Тут Инфант поднял морду вверх и затрубил в воздух своим коротким, но звонким хоботом. Что ясно говорило о том, что Инфант снова зачудил. А значит, реабилитация удалась: он вновь становился самим собой — выздоравливающим, нормальным Инфантом.
Глава 12 17 страниц после кульминации
— Кстати, о Мане, — перевел Илюха тему со слонов на женщин. — Чего-то Жеки не видать не слыхать. Ты, стариканчик, ее не наблюдал? Как она там держится, не надоели ей аномальные однополые отношения? Все-таки молодчина она, жертвенная натура, ради товарища себя на пожалела, грудью амбразуру накрыла.
— Откуда мы знаем, чем именно она накрыла? — проявил философское сомнение Инфант. — Да и не такая уж там амбразура…
— Да не важно, — отмел сомнение в сторону Б. Бородов. — Главное, характер проявила, а мы в ней еще сомневались. Стыдно нам должно быть всем. Ведь чтобы женщину так быстро соблазнить, для этого особая притягательность нужна. Особенно если соблазняет ее другая женщина.

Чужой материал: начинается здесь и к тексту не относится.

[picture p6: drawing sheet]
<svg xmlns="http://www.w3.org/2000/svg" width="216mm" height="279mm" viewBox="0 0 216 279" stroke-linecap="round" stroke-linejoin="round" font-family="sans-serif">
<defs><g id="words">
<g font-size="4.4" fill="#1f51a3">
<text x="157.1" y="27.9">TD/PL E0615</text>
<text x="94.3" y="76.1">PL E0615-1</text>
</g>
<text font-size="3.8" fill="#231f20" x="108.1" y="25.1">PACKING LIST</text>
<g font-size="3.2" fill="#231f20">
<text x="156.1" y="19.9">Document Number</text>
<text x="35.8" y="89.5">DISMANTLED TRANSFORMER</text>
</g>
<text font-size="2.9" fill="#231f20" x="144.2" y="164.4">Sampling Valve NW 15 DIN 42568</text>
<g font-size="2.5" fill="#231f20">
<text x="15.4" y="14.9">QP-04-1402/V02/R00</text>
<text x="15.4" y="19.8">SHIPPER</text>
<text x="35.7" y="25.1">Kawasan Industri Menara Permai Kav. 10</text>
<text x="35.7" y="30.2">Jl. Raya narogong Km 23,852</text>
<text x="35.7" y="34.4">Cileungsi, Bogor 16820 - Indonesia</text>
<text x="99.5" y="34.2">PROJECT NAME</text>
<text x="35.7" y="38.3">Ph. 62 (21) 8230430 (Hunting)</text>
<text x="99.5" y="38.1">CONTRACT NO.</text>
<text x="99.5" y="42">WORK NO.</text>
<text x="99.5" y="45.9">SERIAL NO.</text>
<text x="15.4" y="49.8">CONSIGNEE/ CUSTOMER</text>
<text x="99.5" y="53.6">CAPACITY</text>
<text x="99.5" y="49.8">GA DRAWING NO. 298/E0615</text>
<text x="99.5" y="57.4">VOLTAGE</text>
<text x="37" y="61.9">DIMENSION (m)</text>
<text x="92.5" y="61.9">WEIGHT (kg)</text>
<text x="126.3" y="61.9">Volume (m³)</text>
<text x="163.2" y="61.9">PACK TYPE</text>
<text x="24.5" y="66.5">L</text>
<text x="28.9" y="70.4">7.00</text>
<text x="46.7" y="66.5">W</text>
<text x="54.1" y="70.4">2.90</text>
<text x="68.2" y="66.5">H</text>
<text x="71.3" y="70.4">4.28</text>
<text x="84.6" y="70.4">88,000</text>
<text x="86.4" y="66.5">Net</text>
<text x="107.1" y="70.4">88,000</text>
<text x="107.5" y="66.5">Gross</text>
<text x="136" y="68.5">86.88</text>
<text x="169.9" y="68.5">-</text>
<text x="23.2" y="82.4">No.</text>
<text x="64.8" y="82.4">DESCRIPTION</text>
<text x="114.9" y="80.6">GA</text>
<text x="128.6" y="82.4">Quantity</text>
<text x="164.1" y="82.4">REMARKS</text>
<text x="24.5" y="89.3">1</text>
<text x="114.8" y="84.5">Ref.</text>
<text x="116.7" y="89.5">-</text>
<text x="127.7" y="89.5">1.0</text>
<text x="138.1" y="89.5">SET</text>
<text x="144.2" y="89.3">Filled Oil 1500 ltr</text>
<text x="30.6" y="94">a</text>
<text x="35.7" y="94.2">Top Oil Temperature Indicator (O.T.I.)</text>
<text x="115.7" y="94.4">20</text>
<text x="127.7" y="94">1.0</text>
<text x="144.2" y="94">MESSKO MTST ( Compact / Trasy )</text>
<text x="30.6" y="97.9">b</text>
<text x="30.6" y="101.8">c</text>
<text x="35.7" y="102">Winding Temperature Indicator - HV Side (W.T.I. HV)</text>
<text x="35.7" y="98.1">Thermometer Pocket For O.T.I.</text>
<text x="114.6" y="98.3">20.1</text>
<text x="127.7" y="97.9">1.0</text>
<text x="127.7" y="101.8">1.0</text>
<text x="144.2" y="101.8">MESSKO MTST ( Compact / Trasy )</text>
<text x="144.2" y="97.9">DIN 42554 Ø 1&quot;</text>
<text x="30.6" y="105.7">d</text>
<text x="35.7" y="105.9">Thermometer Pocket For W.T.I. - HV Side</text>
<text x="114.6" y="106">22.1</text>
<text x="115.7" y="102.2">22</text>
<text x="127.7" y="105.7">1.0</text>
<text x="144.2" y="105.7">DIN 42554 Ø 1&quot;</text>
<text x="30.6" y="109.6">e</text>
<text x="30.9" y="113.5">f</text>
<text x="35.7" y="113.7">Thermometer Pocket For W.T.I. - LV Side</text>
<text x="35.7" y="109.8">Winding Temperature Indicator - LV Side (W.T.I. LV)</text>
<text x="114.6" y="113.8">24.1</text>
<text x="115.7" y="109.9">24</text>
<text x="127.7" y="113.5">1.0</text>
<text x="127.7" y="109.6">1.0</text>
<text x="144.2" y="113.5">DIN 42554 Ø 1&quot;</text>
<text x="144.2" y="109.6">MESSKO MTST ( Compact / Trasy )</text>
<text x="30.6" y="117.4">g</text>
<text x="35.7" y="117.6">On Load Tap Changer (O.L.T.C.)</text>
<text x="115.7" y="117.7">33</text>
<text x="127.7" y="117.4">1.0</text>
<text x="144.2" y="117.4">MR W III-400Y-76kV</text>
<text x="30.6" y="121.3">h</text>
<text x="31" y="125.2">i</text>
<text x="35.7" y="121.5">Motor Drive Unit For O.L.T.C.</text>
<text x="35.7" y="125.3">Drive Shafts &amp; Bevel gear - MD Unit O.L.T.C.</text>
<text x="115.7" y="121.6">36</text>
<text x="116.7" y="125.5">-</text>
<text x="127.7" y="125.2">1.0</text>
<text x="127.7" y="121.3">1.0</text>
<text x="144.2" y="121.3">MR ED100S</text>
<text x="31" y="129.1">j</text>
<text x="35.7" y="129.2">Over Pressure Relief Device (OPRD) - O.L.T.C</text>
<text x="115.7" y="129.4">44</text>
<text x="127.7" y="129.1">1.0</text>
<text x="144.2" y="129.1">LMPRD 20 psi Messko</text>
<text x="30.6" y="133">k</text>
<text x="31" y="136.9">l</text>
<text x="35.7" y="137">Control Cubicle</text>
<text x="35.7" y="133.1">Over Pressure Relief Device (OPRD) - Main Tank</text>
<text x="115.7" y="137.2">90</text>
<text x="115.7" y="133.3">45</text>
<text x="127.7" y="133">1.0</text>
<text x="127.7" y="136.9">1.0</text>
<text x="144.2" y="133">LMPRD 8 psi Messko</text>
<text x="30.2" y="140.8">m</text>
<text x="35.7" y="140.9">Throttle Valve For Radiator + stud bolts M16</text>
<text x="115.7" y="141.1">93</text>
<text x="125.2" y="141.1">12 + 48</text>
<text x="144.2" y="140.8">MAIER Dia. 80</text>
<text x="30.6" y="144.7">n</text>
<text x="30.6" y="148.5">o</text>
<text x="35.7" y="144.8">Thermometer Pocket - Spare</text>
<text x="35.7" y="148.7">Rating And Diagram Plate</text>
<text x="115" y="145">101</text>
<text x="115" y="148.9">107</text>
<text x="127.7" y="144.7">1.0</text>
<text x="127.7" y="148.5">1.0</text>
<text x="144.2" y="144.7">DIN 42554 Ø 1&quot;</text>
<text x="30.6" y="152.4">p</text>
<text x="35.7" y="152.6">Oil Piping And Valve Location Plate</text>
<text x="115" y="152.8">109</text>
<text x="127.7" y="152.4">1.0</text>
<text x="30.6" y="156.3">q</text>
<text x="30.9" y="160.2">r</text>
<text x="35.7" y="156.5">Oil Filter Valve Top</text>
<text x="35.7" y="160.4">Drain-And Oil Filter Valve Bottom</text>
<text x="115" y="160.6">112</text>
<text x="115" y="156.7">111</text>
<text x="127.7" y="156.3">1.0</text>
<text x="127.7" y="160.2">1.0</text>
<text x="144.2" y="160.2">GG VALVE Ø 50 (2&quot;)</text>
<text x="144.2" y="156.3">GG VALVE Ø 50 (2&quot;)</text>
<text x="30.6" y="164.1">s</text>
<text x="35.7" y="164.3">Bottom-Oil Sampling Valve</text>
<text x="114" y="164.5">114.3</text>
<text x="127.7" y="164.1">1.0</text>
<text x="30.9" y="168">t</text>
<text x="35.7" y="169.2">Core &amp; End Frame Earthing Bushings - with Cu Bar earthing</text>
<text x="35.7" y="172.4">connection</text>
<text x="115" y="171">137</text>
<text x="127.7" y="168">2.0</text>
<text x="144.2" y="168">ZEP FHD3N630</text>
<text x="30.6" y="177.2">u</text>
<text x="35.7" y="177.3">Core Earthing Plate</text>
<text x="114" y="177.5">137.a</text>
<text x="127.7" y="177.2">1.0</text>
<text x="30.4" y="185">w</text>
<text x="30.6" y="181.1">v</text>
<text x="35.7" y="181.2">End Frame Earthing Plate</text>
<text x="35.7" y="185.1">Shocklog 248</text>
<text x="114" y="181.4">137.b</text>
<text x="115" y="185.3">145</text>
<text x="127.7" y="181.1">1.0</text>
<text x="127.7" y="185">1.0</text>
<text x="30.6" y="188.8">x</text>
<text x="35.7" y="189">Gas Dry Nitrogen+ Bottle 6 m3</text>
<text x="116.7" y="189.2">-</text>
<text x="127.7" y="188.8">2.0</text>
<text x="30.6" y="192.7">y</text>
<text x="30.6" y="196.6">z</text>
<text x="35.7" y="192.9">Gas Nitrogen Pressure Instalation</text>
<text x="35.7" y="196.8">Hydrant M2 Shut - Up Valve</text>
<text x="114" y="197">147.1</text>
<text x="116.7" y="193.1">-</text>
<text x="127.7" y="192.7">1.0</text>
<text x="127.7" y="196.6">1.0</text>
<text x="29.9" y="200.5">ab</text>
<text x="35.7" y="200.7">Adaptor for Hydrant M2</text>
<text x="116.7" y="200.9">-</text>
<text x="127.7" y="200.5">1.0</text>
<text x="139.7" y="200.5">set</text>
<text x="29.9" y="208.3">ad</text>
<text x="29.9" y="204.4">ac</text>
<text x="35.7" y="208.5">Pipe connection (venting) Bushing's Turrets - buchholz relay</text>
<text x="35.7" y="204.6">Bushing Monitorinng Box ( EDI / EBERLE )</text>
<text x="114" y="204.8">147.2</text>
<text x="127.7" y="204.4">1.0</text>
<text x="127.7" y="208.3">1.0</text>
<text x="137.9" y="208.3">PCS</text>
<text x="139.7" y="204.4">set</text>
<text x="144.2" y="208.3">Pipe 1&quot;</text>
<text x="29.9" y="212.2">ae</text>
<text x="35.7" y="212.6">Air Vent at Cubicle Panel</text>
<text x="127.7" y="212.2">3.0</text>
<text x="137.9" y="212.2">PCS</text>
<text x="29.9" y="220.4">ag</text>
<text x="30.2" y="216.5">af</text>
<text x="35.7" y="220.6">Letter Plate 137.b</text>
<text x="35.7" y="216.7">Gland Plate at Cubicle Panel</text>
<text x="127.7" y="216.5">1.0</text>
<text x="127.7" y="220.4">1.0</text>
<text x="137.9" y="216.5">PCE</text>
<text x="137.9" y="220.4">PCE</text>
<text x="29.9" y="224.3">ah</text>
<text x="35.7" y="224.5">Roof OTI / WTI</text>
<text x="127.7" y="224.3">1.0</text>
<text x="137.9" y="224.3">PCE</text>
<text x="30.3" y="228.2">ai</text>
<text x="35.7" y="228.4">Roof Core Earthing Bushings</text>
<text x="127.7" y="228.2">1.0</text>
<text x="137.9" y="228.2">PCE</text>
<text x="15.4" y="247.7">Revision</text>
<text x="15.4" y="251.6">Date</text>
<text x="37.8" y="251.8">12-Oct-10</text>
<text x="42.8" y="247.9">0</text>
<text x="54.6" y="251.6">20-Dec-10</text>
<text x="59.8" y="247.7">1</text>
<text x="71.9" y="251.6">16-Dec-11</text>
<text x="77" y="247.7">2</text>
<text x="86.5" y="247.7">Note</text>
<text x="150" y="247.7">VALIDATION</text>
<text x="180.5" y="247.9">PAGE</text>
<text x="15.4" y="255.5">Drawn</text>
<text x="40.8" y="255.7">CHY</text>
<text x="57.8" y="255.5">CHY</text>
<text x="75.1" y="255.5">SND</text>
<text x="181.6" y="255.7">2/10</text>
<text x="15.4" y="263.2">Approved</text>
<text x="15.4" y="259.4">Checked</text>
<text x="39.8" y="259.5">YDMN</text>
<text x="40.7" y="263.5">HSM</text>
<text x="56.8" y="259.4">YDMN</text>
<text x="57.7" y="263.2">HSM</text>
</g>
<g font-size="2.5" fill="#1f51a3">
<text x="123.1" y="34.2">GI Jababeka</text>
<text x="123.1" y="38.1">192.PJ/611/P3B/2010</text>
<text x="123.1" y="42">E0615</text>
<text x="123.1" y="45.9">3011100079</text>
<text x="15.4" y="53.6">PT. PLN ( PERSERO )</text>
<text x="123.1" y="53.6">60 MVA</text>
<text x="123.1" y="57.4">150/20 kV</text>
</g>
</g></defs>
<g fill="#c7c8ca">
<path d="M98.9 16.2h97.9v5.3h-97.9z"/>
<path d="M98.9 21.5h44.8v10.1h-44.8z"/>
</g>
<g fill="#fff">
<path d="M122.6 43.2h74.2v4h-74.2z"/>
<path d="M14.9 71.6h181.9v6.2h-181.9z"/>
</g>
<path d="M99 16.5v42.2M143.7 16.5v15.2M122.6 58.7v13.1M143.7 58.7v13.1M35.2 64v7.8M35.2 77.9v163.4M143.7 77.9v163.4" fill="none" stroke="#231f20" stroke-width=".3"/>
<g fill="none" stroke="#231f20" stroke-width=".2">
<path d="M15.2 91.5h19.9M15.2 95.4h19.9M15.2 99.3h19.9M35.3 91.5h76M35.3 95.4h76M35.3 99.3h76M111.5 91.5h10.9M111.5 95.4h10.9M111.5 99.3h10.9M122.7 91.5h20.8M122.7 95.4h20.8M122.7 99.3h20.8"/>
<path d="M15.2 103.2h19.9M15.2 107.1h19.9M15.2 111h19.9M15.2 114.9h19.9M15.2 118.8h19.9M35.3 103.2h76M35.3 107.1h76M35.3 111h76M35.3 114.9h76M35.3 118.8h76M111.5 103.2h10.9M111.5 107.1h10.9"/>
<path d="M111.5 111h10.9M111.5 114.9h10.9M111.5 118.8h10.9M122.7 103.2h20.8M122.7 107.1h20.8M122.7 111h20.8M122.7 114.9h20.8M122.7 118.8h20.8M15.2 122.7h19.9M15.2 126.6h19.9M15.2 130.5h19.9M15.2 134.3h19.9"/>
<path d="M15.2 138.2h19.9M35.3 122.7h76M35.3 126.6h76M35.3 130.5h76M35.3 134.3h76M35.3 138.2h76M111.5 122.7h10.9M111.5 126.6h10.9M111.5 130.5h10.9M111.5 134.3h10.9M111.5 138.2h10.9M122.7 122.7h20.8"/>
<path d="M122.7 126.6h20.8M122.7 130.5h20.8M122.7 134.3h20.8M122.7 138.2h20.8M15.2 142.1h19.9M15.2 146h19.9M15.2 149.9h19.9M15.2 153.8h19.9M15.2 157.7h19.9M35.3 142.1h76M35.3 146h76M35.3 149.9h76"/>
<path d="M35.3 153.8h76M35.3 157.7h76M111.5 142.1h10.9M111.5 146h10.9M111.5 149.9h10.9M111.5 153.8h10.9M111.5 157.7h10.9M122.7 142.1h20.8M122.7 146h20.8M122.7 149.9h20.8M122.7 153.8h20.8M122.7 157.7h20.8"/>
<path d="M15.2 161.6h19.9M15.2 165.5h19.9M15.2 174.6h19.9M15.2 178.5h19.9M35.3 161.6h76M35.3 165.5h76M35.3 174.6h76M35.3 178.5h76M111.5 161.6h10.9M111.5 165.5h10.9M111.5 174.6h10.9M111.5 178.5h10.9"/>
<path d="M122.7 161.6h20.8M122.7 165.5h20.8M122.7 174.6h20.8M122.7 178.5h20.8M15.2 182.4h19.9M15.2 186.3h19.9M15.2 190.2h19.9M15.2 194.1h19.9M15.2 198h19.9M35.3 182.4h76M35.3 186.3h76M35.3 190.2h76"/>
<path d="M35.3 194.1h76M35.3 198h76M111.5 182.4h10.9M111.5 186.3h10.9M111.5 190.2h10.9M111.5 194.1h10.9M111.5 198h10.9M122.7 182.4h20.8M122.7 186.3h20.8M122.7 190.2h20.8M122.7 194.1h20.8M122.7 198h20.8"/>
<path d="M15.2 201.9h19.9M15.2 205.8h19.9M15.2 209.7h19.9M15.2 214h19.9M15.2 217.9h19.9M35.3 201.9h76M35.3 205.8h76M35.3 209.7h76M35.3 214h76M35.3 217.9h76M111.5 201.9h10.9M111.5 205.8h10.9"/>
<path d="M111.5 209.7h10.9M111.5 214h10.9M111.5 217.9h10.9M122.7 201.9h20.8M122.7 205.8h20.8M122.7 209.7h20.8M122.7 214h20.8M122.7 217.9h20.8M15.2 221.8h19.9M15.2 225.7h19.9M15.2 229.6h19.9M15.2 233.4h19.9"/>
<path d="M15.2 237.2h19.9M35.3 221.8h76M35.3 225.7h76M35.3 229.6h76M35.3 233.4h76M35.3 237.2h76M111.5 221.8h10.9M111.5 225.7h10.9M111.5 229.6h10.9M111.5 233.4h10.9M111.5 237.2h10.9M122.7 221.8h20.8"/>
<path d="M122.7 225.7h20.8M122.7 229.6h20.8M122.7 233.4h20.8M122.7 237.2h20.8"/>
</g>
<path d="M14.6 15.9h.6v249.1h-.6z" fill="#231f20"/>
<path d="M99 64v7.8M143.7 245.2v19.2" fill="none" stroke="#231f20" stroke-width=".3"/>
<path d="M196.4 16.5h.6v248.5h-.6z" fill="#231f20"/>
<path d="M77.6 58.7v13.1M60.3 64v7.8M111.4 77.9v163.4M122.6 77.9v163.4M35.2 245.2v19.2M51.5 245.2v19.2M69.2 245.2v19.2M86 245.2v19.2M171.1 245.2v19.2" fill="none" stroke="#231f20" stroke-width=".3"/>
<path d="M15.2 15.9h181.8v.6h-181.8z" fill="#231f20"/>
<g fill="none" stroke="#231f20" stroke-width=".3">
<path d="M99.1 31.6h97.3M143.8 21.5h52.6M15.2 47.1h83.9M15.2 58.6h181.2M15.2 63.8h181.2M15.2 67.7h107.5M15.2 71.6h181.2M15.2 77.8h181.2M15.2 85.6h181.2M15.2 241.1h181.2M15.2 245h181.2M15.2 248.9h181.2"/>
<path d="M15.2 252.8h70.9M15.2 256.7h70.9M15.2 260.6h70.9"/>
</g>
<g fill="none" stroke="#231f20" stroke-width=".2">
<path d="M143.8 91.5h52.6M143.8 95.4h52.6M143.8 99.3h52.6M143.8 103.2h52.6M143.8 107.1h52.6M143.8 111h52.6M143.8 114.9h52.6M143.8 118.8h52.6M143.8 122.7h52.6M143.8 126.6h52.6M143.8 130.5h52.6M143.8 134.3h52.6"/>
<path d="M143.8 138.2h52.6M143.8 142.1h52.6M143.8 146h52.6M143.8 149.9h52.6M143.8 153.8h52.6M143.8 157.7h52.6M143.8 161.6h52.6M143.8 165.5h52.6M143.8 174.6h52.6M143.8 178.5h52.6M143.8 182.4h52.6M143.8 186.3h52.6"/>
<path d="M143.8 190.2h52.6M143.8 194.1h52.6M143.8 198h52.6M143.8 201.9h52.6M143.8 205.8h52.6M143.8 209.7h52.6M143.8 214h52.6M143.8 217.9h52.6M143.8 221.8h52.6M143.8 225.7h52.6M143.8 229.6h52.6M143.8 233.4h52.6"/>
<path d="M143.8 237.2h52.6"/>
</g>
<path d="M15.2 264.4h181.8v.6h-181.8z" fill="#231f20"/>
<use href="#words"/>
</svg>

Тут мы все закивали головами, соглашаясь.
— В общем, ты ей, Инфант, обязан. Такой удар хрупкая девушка на себя приняла, наверняка даже хвостика не пожалела. Так как она, стариканер? — снова обратился ко мне Илюха. — Как первый опыт? Небось, по горло опротивело ей лесбиянство?
— Да как сказать… — Я тоже отпил из стакана. Потом не спеша разлил всем по новой, потому что моему ответу требовалась пауза. — В общем, незадача с Жекой, похоже, выходит.
— А в чем дело? — поинтересовались товарищи.
— Отказалась от нас Жека.
— Чего-чего? — не поняли они.
— Да, полностью отказалась. Сказала, что мы жалкое подобие.
— Чего подобие? — спросил незатейливый Инфант. Который, судя по развивающейся прямо на глазах незатейливости, все выздоравливал и выздоравливал.
— Все мы? — задал другой, более конкретный вопрос Илюха.